* [Material provided]
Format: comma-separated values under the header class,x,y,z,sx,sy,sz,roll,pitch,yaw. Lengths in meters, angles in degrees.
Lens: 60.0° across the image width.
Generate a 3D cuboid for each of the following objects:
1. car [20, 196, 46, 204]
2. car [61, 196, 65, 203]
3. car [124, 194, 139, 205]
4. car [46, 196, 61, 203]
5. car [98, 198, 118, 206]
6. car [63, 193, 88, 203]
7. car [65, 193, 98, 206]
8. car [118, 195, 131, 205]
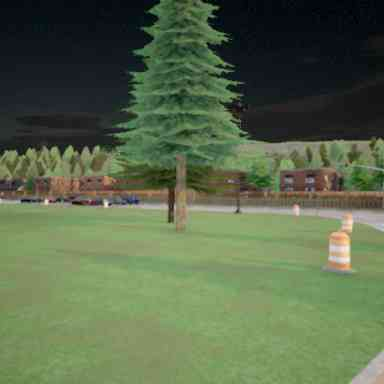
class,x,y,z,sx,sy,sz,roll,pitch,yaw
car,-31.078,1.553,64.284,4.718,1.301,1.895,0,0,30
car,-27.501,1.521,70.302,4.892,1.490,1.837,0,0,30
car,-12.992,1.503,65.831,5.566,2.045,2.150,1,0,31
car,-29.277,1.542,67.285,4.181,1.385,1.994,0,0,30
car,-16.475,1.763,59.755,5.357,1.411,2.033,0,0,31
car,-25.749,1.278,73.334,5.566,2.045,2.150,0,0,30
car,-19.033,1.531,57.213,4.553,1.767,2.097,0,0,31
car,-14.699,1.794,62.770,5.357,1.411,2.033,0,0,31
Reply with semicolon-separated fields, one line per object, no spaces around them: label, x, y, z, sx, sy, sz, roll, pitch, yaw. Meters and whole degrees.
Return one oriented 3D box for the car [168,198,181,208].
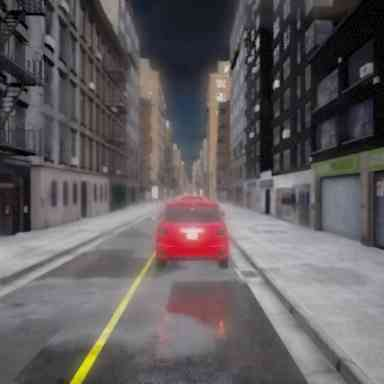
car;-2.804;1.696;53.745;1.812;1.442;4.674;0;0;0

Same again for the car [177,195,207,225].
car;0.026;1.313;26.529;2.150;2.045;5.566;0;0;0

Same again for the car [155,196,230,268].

* [What is being asked] Everything in the entries above, apart from the images, should be printed exactly.

* [Task solution]
Format: comma-separated values under the header class,x,y,z,sx,sy,sz,roll,pitch,yaw. Lengths in meters, angles in degrees.
Lens: 60.0° across the image width.
Generate a 3D cuboid for each of the following objects:
1. car [20, 196, 46, 204]
2. car [61, 196, 65, 203]
3. car [124, 194, 139, 205]
4. car [46, 196, 61, 203]
5. car [98, 198, 118, 206]
6. car [63, 193, 88, 203]
7. car [65, 193, 98, 206]
8. car [118, 195, 131, 205]
class,x,y,z,sx,sy,sz,roll,pitch,yaw
car,-31.078,1.553,64.284,4.718,1.301,1.895,0,0,30
car,-27.501,1.521,70.302,4.892,1.490,1.837,0,0,30
car,-12.992,1.503,65.831,5.566,2.045,2.150,1,0,31
car,-29.277,1.542,67.285,4.181,1.385,1.994,0,0,30
car,-16.475,1.763,59.755,5.357,1.411,2.033,0,0,31
car,-25.749,1.278,73.334,5.566,2.045,2.150,0,0,30
car,-19.033,1.531,57.213,4.553,1.767,2.097,0,0,31
car,-14.699,1.794,62.770,5.357,1.411,2.033,0,0,31
Reply with semicolon-separated fields, one line per object, no spaces around them: label, x, y, z, sx, sy, sz, roll, pitch, yaw. Meters and whole degrees.
Return one oriented 3D box for the car [168,198,181,208].
car;-2.804;1.696;53.745;1.812;1.442;4.674;0;0;0

Same again for the car [177,195,207,225].
car;0.026;1.313;26.529;2.150;2.045;5.566;0;0;0

Same again for the car [155,196,230,268].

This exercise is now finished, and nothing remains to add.